**Exercise description**.
Go through the material and copy each line in which the word "image" shows up.
======== Exercise materials ========
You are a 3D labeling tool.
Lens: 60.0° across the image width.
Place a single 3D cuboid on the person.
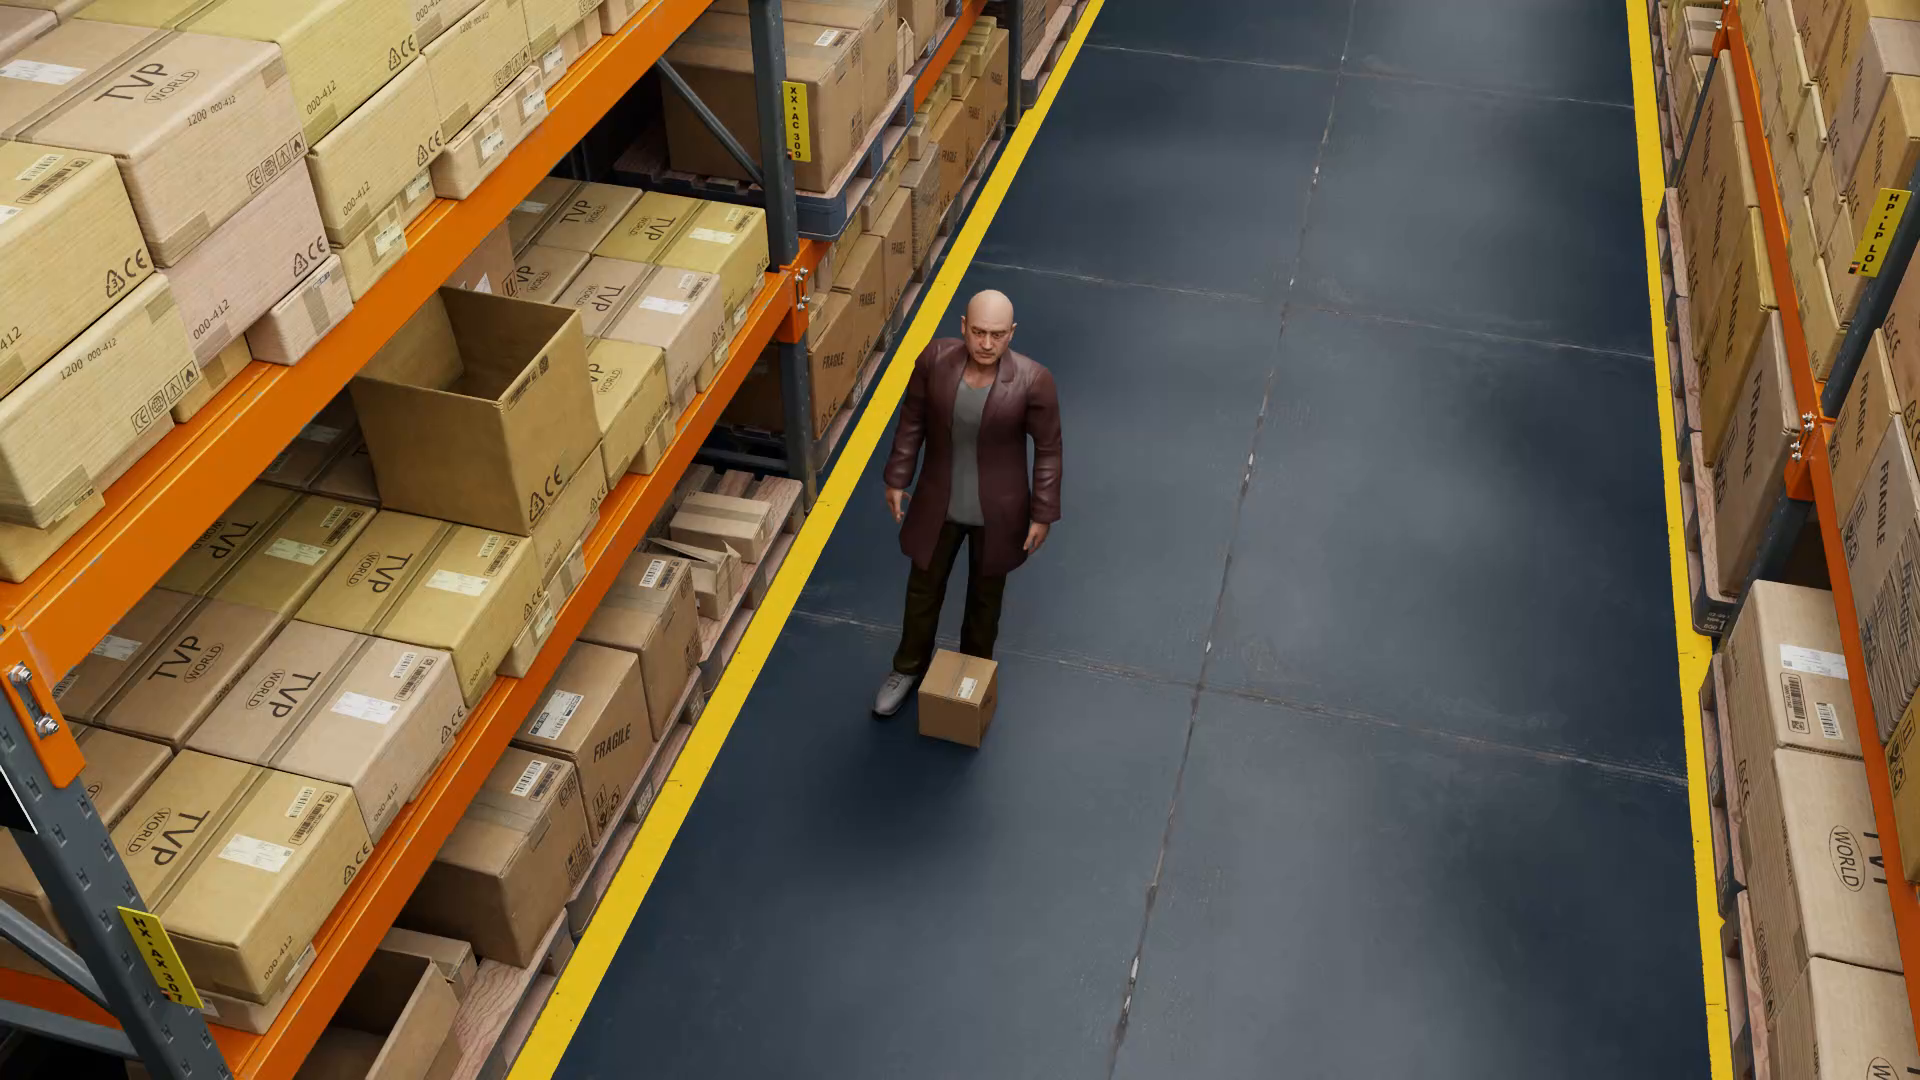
========
======== Exercise materials ========
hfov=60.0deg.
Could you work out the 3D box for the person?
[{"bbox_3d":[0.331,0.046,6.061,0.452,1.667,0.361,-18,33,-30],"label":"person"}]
========
======== Exercise materials ========
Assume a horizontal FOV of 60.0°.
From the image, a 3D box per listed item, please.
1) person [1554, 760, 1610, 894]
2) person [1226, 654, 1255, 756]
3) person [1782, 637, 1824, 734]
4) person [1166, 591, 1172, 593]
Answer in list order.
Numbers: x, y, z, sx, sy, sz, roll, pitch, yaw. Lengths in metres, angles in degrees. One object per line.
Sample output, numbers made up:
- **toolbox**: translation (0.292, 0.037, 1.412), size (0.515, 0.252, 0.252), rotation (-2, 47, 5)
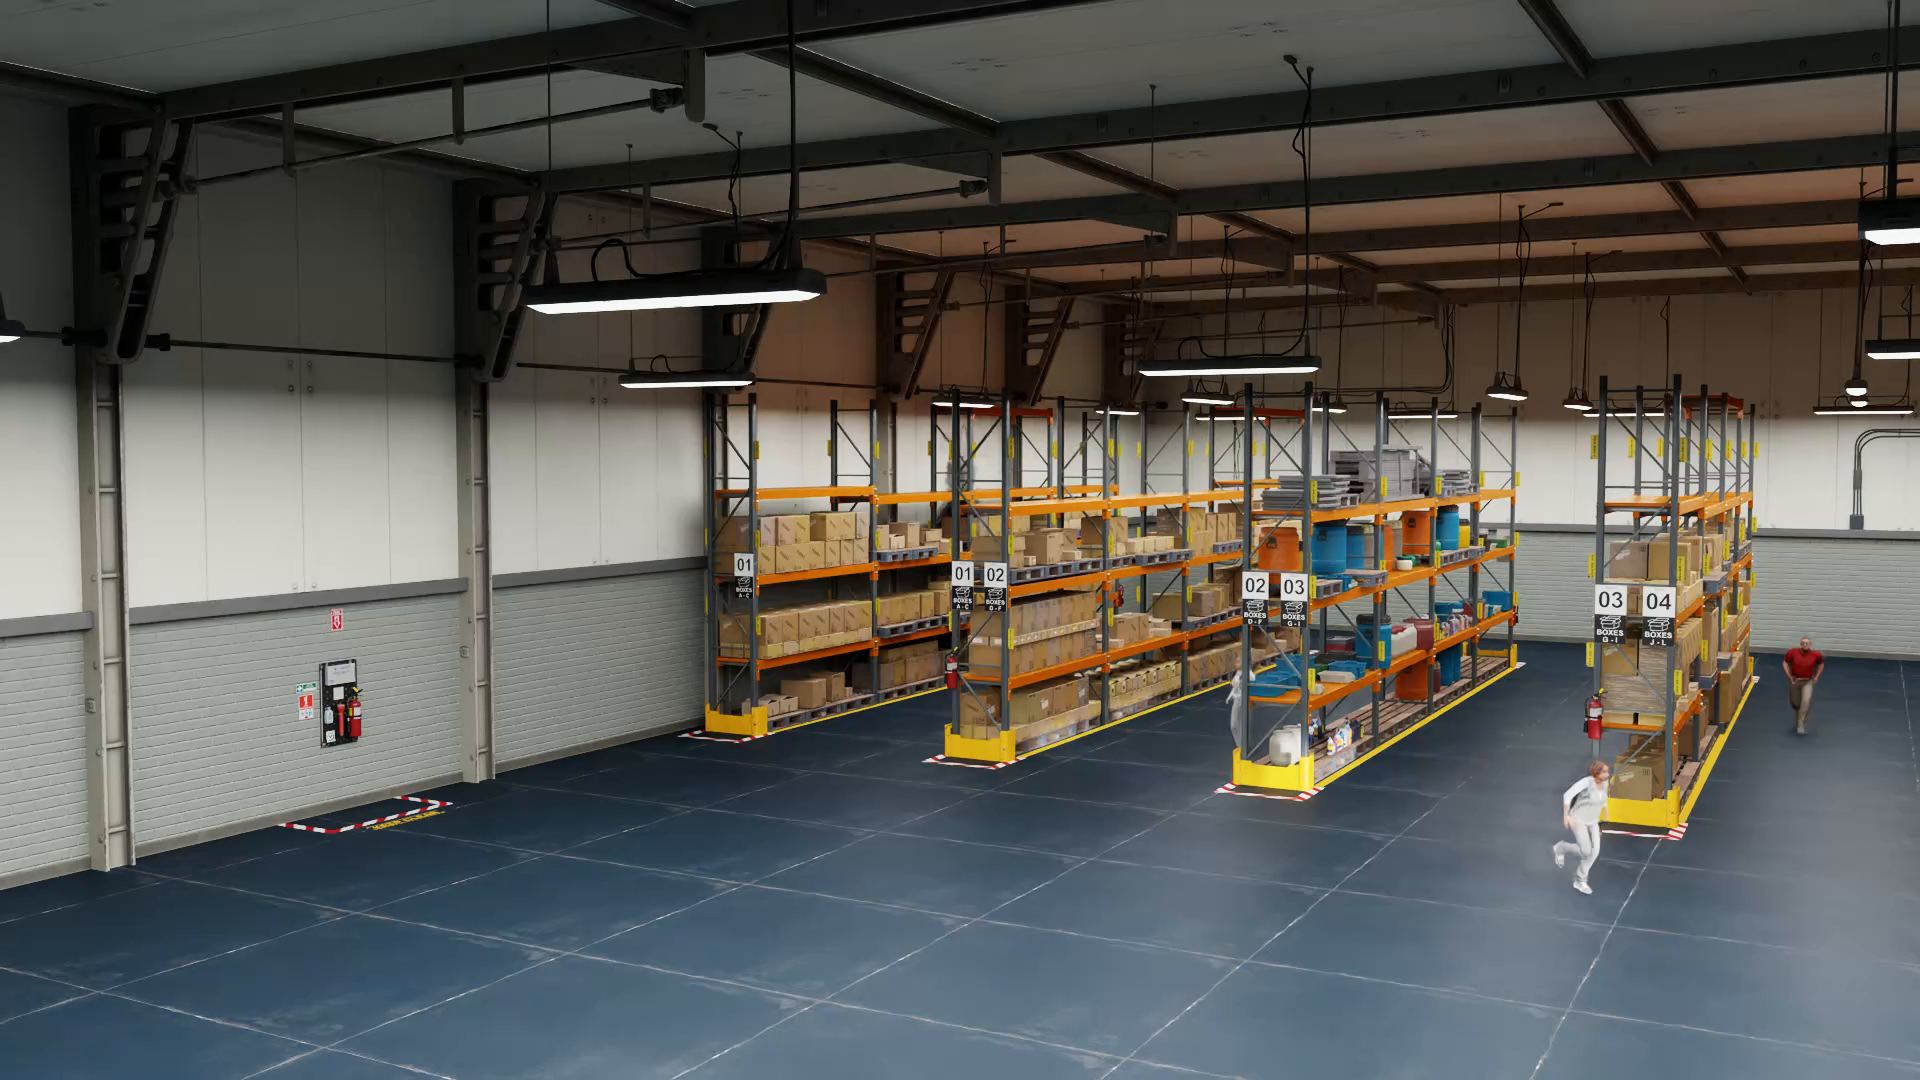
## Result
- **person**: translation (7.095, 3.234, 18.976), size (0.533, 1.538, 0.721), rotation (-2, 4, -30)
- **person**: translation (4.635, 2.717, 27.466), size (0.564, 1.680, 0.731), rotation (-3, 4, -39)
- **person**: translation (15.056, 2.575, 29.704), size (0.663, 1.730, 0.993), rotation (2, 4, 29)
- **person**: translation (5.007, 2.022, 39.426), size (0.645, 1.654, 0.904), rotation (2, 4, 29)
========
**Response to this exercise**.
Lens: 60.0° across the image width.
From the image, a 3D box per listed item, please.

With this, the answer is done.